French Catholic prelate (1807–1895)

Julien Florian Félix Desprez, who used the name Florian Desprez (Note: He was baptized "Julien Florian Felix Desprez". That full name appears in the most sources: on the stone that marks his tomb in the Cathedral of Saint Stephen in Toulouse, a biography written when he was made a cardinal, an obituary, a biographical sketch published shortly after his death, and a biography. The Bibliothèque nationale de France and the French National Archives use these three forenames in this sequence.

When he was made a cardinal, the Holy See dropped his third forename and recorded him in Latin as "Julianus Florianus Desprez" and in Italian as "Iuliano Floriano Desprez". Some sources related to the First Vatican Council omit his second and third forenames: "Julien Desprez".

From his earliest years he used "Florian" as his sole given name. He signed his will "Fl., Card. Desprez". His pastoral letter to the clergy of Toulouse in 1869 prints his full baptismal name on the title page and records his signature on the letter as "FLORIAN, Archev. de Toulouse". Similarly, he signed a letter to Pope Pius IX in Latin "FLORIANUS, Archiepus Tolosanus" and the pope replied to "FLORIANO Archiepiscopo Tolosano".

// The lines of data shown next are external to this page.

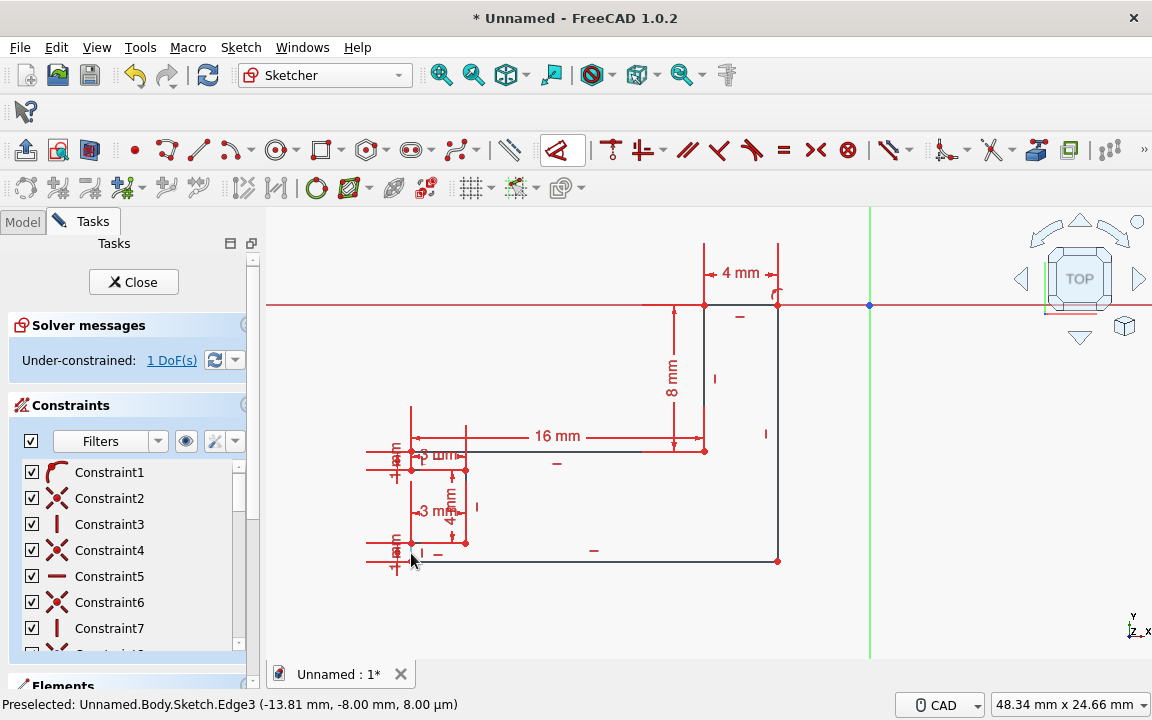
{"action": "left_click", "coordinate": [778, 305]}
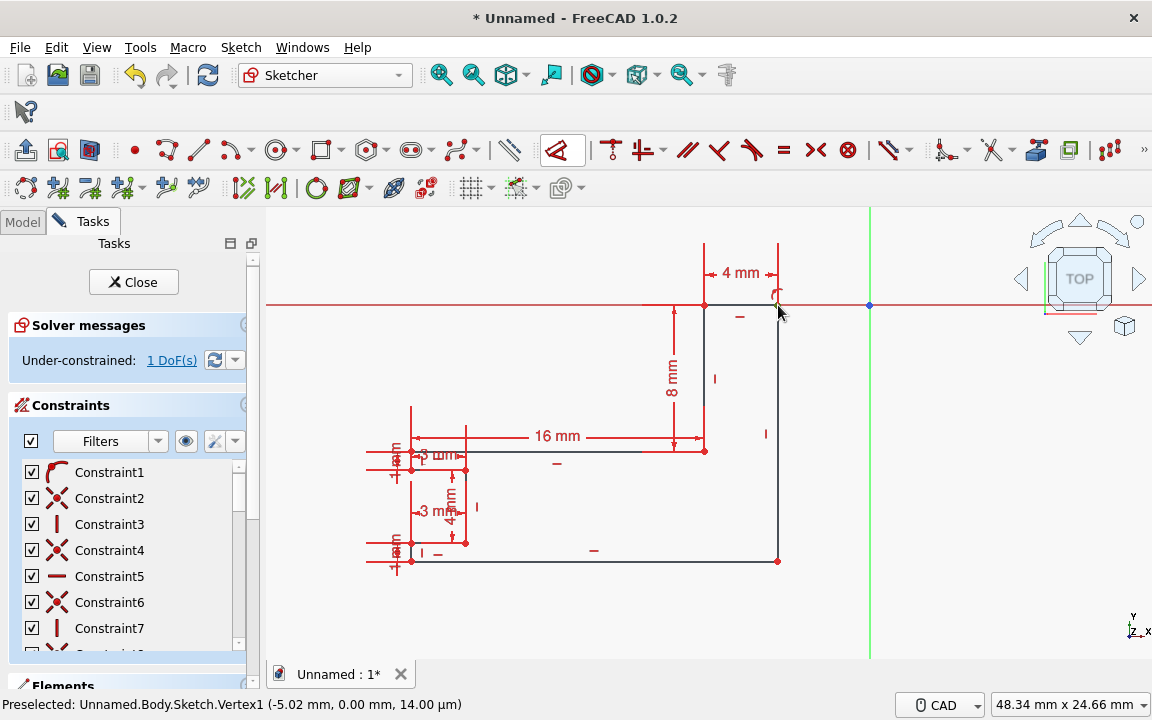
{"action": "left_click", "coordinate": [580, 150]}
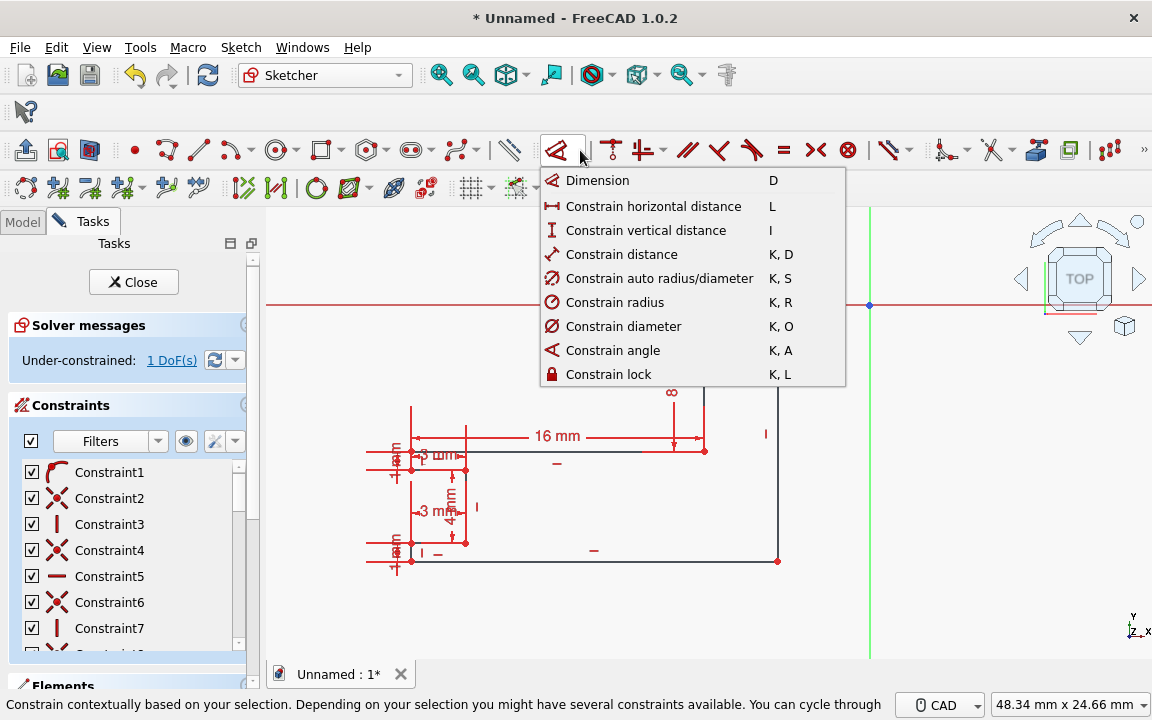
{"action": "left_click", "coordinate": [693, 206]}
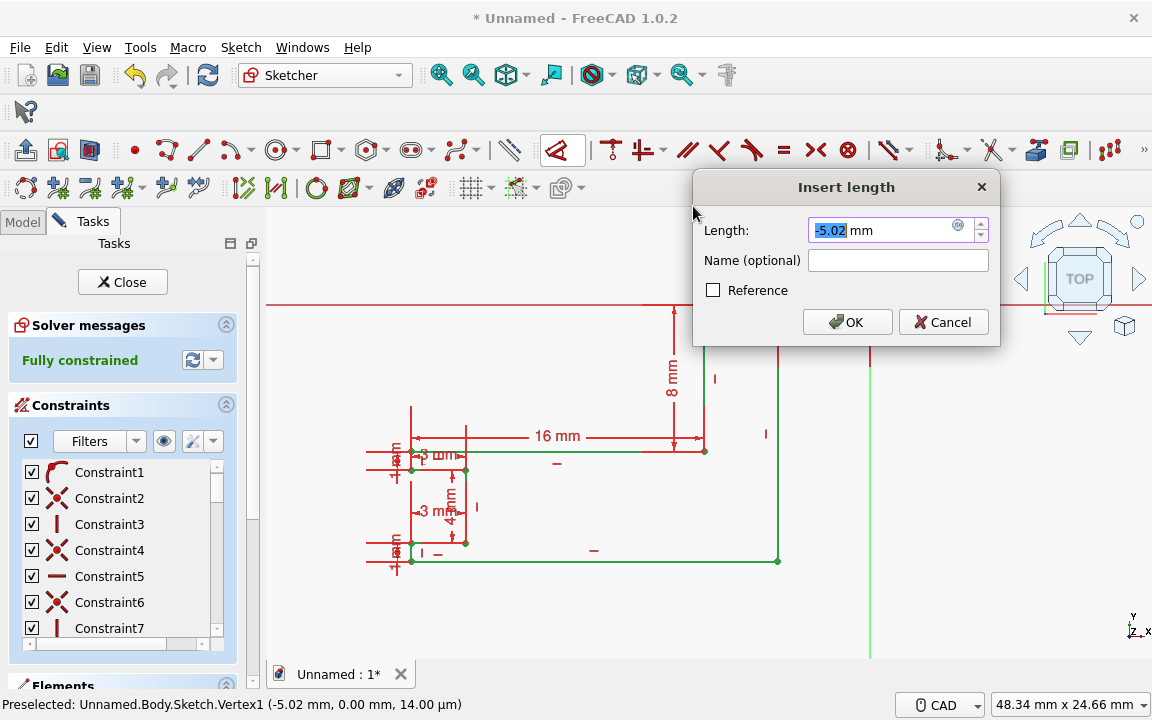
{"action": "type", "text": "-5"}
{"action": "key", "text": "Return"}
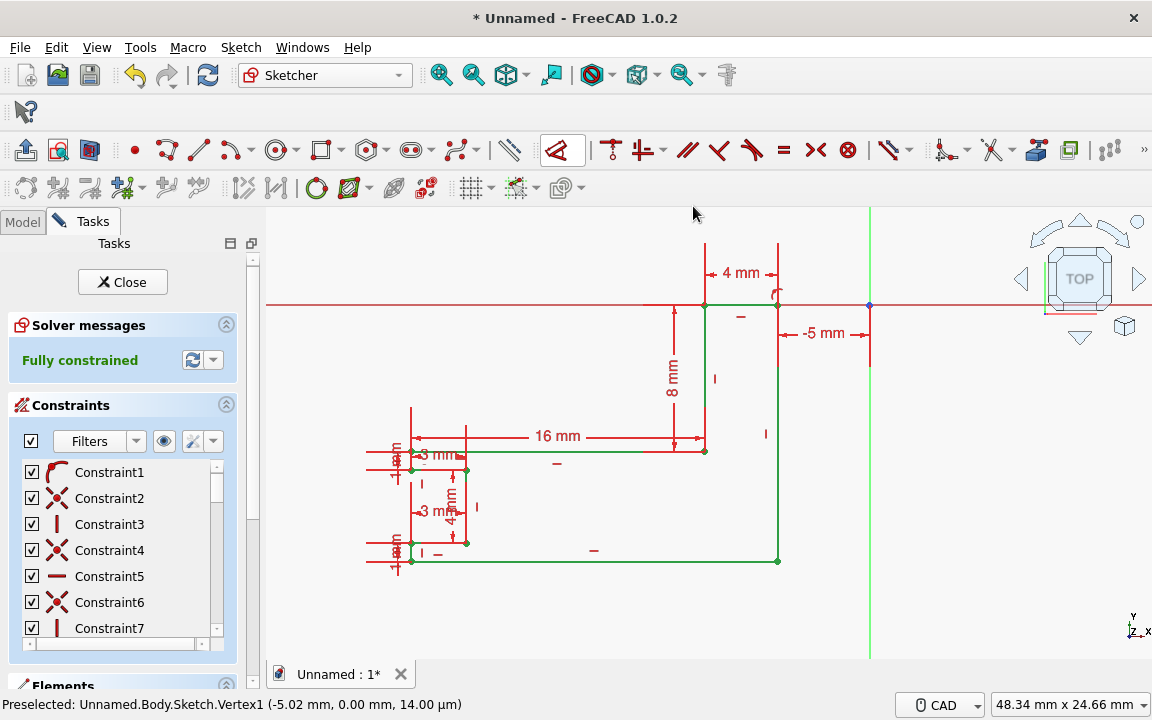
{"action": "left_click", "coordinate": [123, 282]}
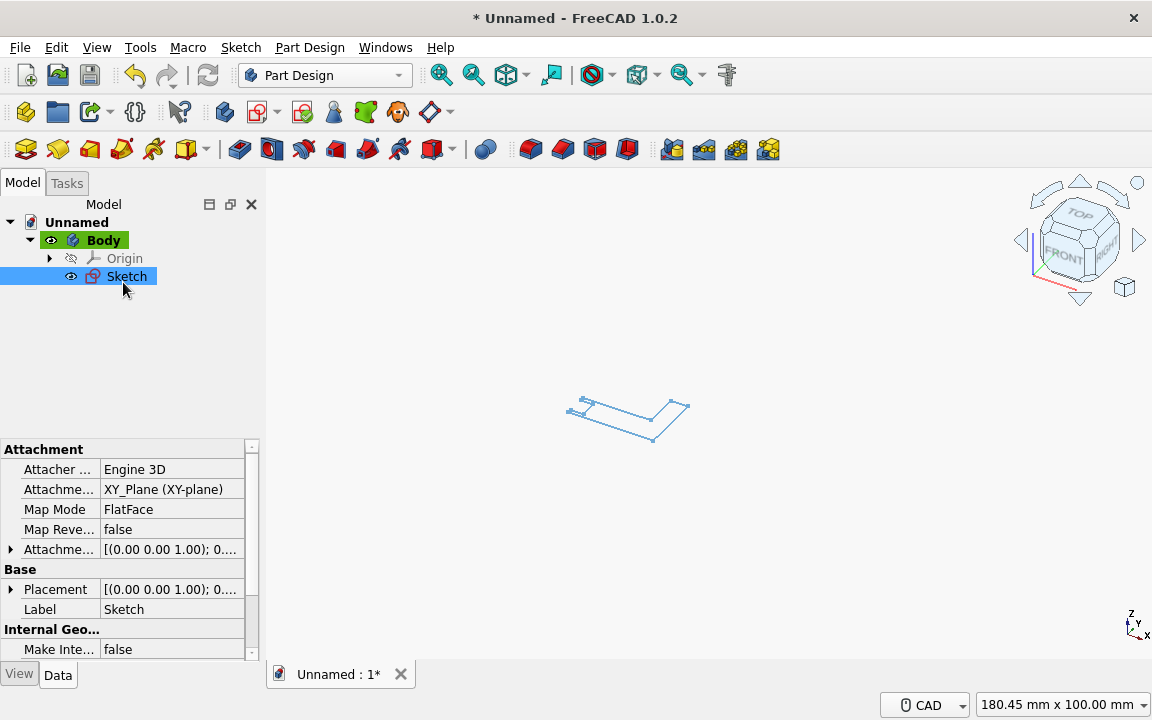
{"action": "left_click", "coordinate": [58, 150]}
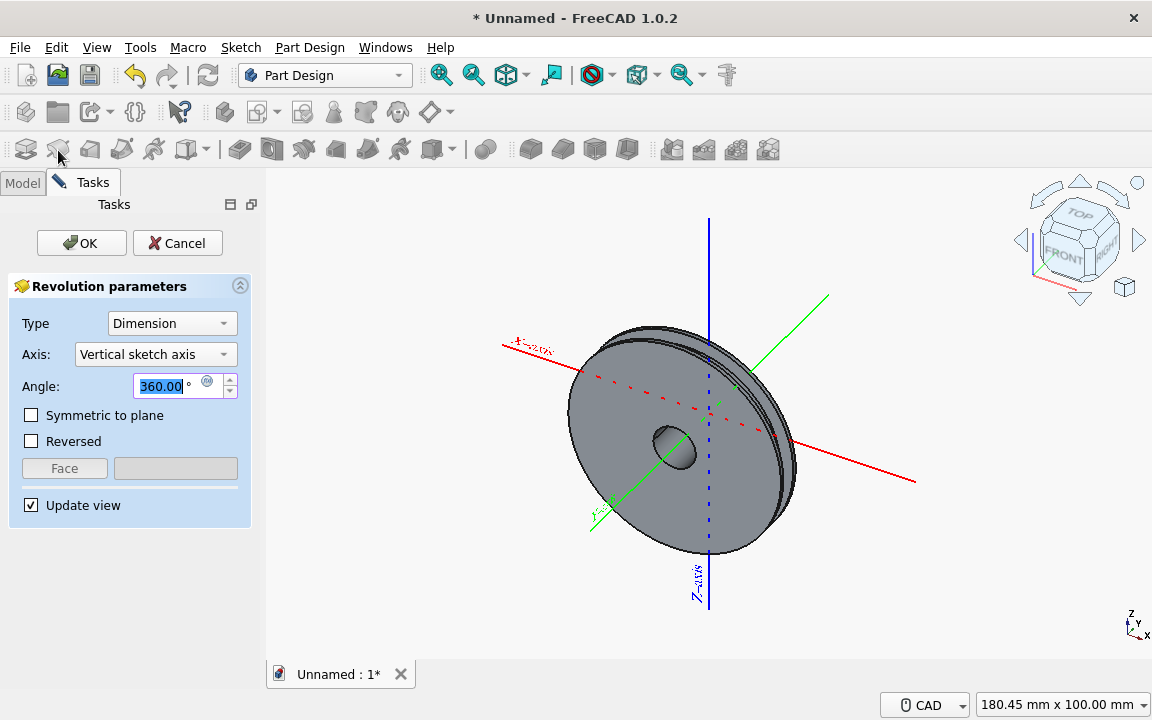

On the other hand, modern compilations of biographical information about the Catholic Church hierarchy or the College of Cardinals depart from these 19th-century sources in two ways: they transpose the names Julien and Florian and substitute "Jules" for "Julien".)
(14 April 1807 – 21 January 1895) was a French prelate of the Catholic Church, who became a bishop in 1850, first in Réunion from 1850 to 1857 and then in Limoges until 1859. He spent 36 years of his ecclesiastical career as archbishop of Toulouse from 1859 to 1895. He was made a cardinal in 1879.

==Early years==
Florian Desprez was born in Ostricourt, Nord, on 14 April 1807. He was the eldest of three children born to a family of modest means; an uncle was a priest and an aunt a religious sister. He studied at the Royal College of Douai from 1819 to 1824. He then entered the Major Seminary of Cambrai. Immediately upon his ordination as a priest on 19 December 1829 he was appointed vicar of the cathedral church in Cambrai. His sister Justine, then seventeen years old, joined him there and lived with him throughout his career, including during his overseas assignment, until her death 63 years later on 23 November 1892.

In February 1834 he was assigned as a parish priest to Pont-à-Marcq, a poor village south of Lille, and then in September 1843 as pastor (curé-doyen) in Templeuve and in February 1847 as pastor of the newly established parish of Notre Dame in Roubaix, an industrial center.

==Bishop==
After negotiations between the Holy See and the French government resulted in the erection of several dioceses in French island colonies in 1850, (Note: In addition to Réunion, dioceses were erected in Fort-de-France (Martinique) and Basse-Terre (Guadeloupe).) Desprez was appointed the first bishop of Saint-Denis-de-La Réunion on 3 October 1850. (Note: The new diocese was so unfamiliar that one Italian publication referred to it in 1855 as "Réunion o San Denis in Affrica [sic]".) As a mission territory, his see was overseen directly from Rome. He received his episcopal consecration on 5 January 1851 in his parish church in Roubaix from René-François Régnier, archbishop of Cambrai. The Belgian bishops of Bruges and Ghent were the co-consecrators. (Note: Also present was a prelate of the Syriac Catholic Church, Giovanni Matteo Nakar, bishop of Nabk, Syria, since 1835, of whom little is known.) He chose as his motto Spes Nostra Firma, "Our hope is steadfast" (2 Corinthians 1:7).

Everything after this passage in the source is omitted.